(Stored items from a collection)
■ ■ ■

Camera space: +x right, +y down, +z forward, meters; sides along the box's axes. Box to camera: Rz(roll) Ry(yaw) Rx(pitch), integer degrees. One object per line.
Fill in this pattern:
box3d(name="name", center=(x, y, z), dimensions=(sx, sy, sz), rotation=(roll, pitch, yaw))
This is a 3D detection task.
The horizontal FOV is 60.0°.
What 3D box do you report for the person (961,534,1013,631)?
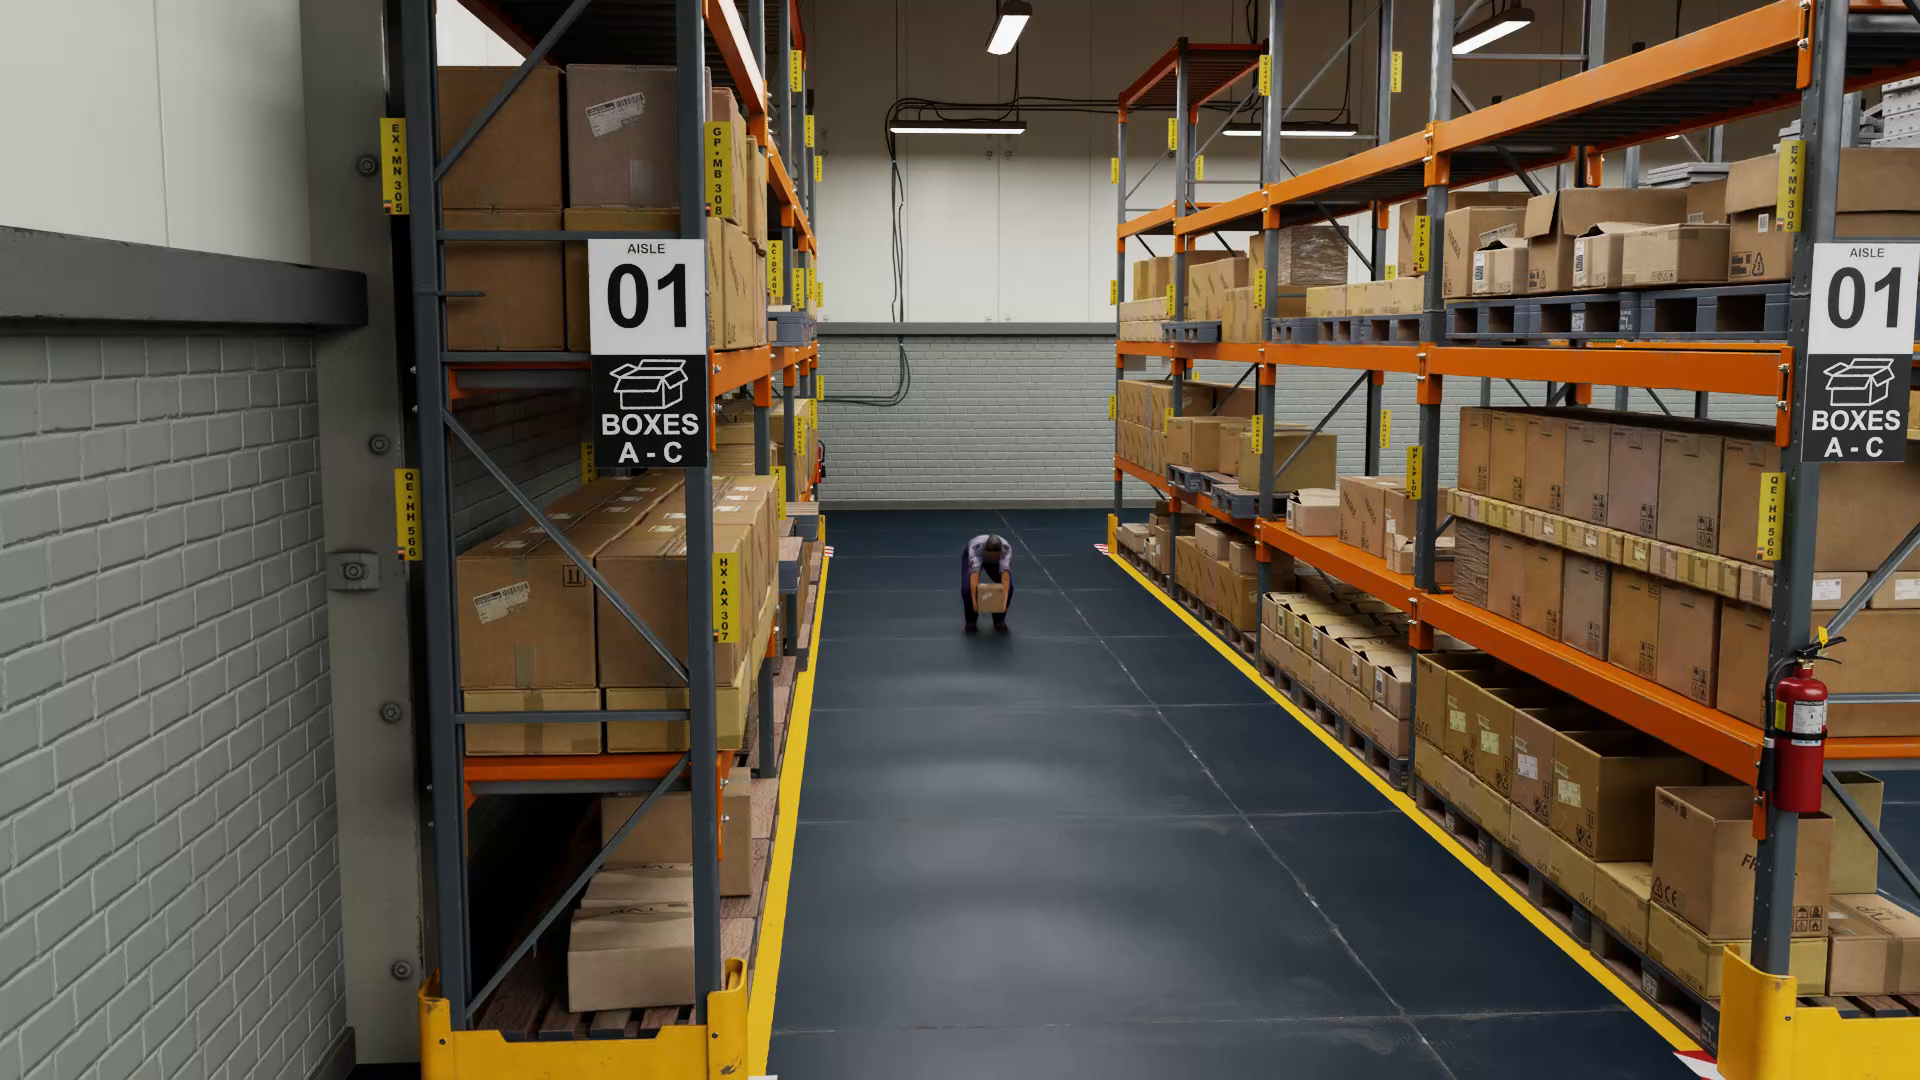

■ ■ ■

Copy out all the data exactly. No images belong in the copy.

Camera space: +x right, +y down, +z forward, meters; sides along the box's axes. Box to camera: Rz(roll) Ry(yaw) Rx(pitch), integer degrees. One object per line.
Fill in this pattern:
box3d(name="name", center=(x, y, z), dimensions=(sx, sy, sz), rotation=(roll, pitch, yaw))
This is a 3D detection task.
The horizontal FOV is 60.0°.
What 3D box do you report for the person (961,534,1013,631)?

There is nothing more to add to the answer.